* **REQUIREMENT**:
Bring together all lines of the material below that contain the string "track".

* * * * *

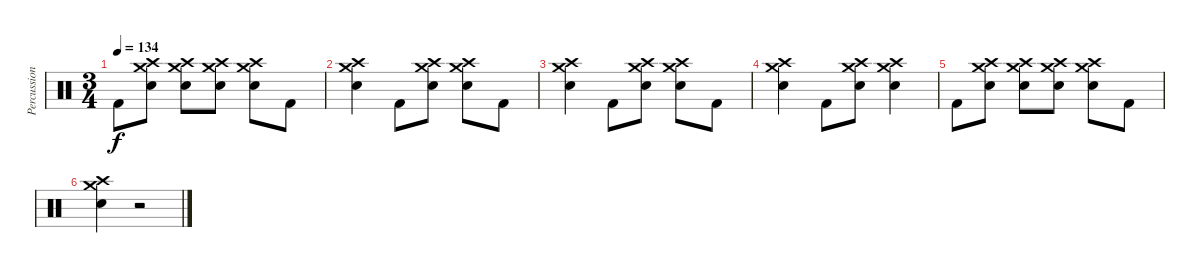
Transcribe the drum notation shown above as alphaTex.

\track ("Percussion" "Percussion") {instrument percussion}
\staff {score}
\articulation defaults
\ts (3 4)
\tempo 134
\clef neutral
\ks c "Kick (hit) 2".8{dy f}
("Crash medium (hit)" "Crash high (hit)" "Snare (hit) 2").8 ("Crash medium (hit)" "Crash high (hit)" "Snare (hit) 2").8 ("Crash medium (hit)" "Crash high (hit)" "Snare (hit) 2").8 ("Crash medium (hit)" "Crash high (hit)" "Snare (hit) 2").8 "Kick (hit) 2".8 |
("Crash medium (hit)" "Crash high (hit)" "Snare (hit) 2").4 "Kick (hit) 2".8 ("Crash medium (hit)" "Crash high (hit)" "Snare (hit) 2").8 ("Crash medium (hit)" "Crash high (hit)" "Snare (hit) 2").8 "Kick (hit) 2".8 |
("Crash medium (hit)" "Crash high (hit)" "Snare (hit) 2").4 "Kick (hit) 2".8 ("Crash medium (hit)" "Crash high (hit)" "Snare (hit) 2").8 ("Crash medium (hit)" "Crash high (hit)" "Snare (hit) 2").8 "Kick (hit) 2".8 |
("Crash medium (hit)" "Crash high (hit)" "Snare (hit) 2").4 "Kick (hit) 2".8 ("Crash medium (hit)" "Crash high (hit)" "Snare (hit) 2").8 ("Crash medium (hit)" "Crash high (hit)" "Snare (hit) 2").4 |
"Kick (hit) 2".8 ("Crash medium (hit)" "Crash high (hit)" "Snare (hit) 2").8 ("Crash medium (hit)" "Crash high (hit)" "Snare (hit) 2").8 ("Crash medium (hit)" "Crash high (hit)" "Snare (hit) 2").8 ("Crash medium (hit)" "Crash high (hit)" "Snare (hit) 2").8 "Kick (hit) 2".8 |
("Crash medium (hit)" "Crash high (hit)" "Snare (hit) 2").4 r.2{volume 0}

* * * * *

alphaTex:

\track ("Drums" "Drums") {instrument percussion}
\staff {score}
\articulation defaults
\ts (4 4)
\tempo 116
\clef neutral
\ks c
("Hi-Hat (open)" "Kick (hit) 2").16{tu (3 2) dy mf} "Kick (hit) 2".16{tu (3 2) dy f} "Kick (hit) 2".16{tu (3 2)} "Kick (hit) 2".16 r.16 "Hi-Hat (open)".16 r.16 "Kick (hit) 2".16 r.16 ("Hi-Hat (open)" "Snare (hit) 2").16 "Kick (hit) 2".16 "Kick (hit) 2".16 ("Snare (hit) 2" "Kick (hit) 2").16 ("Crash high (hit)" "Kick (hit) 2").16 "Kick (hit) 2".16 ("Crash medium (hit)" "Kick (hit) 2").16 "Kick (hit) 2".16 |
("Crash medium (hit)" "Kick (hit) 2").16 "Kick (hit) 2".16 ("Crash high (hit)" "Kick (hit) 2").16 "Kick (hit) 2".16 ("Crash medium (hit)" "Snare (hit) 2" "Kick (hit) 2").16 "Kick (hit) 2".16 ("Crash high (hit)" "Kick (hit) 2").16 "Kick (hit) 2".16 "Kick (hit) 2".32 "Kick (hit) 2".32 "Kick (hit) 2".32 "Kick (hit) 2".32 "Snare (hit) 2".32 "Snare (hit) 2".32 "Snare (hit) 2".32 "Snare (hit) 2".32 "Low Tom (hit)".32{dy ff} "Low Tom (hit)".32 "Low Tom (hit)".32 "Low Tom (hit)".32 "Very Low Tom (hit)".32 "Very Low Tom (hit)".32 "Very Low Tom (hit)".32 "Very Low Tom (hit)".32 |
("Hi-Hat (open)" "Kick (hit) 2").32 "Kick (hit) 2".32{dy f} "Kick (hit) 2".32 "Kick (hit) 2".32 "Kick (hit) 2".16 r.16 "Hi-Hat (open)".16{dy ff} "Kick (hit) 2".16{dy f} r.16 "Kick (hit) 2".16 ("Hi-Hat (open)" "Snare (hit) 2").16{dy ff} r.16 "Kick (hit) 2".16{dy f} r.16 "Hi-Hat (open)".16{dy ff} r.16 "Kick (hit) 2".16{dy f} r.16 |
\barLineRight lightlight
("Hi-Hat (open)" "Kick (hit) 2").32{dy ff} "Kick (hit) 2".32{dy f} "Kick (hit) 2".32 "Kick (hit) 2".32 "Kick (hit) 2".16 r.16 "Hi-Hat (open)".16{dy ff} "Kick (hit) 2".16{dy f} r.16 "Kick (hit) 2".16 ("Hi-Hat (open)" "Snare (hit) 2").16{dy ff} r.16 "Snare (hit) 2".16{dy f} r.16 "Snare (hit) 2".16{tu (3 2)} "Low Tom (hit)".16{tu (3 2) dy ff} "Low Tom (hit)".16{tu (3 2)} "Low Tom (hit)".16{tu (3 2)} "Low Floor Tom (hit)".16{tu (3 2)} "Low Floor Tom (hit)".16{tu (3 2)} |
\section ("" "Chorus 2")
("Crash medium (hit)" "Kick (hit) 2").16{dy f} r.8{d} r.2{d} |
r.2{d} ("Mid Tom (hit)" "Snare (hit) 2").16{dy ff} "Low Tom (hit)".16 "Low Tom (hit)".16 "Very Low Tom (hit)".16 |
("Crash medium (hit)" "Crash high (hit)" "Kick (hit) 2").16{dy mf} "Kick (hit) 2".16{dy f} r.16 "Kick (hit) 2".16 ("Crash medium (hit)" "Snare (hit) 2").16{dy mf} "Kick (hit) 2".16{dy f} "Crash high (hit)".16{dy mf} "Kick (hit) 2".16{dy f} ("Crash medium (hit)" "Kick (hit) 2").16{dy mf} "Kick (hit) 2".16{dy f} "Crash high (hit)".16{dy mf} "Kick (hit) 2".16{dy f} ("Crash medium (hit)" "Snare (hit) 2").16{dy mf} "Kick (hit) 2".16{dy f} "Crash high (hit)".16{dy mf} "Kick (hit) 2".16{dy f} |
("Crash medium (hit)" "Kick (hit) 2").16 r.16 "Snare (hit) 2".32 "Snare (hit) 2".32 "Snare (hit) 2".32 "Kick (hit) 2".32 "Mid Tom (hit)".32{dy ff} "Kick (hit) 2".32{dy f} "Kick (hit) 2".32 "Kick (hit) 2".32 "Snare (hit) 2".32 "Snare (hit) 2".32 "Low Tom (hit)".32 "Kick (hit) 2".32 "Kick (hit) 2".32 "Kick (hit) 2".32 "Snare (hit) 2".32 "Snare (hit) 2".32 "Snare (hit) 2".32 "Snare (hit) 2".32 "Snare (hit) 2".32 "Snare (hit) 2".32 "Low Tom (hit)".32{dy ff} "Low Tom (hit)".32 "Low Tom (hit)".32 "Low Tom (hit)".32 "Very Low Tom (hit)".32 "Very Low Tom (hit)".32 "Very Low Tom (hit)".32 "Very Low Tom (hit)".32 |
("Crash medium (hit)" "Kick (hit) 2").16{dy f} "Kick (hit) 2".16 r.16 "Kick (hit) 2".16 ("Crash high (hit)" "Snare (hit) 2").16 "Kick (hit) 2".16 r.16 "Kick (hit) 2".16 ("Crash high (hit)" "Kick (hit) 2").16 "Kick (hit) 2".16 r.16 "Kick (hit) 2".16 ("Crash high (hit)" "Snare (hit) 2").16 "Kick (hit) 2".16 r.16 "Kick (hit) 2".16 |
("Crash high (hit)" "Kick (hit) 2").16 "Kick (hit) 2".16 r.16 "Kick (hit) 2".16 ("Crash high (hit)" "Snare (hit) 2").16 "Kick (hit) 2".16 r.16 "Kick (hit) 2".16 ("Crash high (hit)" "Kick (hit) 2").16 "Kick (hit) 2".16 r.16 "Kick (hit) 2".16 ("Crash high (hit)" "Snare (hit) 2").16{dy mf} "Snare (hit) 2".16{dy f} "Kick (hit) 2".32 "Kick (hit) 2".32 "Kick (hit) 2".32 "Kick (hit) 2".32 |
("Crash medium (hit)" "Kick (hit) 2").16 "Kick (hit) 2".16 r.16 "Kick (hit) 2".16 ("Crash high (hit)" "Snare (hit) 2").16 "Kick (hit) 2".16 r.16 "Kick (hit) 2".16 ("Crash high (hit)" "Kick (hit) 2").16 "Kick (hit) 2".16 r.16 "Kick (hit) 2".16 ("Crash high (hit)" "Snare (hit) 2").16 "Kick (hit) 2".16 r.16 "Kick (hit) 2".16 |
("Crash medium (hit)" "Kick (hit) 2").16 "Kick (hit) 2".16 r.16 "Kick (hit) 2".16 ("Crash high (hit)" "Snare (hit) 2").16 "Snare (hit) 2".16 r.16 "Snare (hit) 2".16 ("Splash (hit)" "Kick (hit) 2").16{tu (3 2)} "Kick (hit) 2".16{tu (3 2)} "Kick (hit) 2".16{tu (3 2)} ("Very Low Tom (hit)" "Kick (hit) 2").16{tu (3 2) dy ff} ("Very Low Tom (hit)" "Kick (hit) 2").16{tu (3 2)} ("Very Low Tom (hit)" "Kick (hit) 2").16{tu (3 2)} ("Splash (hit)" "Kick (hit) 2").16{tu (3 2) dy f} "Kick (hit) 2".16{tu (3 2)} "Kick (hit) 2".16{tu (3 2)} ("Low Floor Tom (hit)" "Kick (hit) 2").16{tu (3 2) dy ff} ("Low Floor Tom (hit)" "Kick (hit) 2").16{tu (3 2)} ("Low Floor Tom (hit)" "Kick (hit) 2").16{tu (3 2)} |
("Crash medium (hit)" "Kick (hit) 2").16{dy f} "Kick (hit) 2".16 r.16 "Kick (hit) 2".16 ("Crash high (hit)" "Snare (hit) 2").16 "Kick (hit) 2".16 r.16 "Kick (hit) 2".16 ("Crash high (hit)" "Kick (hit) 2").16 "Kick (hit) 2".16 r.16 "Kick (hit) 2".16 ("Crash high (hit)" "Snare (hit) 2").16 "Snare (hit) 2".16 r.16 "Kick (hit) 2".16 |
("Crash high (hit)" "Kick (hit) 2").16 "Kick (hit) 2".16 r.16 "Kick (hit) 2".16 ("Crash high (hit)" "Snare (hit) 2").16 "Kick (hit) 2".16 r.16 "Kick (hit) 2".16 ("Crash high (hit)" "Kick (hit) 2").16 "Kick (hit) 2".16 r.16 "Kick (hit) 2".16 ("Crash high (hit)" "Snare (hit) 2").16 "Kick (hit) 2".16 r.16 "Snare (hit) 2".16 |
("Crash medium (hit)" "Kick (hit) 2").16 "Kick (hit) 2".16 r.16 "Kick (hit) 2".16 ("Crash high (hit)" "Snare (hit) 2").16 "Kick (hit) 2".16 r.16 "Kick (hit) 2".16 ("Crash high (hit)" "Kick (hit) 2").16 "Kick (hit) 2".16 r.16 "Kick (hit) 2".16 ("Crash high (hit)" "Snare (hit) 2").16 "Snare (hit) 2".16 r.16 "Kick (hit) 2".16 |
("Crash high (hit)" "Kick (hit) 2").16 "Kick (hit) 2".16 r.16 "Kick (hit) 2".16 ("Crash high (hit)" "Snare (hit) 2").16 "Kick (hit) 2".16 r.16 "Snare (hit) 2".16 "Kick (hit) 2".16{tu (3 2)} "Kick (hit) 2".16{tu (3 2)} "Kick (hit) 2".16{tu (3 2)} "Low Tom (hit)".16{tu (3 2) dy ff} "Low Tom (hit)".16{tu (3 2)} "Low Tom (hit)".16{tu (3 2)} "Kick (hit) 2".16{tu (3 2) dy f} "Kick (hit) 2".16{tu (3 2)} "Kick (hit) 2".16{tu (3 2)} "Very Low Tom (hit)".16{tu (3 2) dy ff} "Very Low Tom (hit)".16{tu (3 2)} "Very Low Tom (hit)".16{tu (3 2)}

* * * * *

* **COMPLETED EXERCISE**:
\track ("Percussion" "Percussion") {instrument percussion}
\track ("Drums" "Drums") {instrument percussion}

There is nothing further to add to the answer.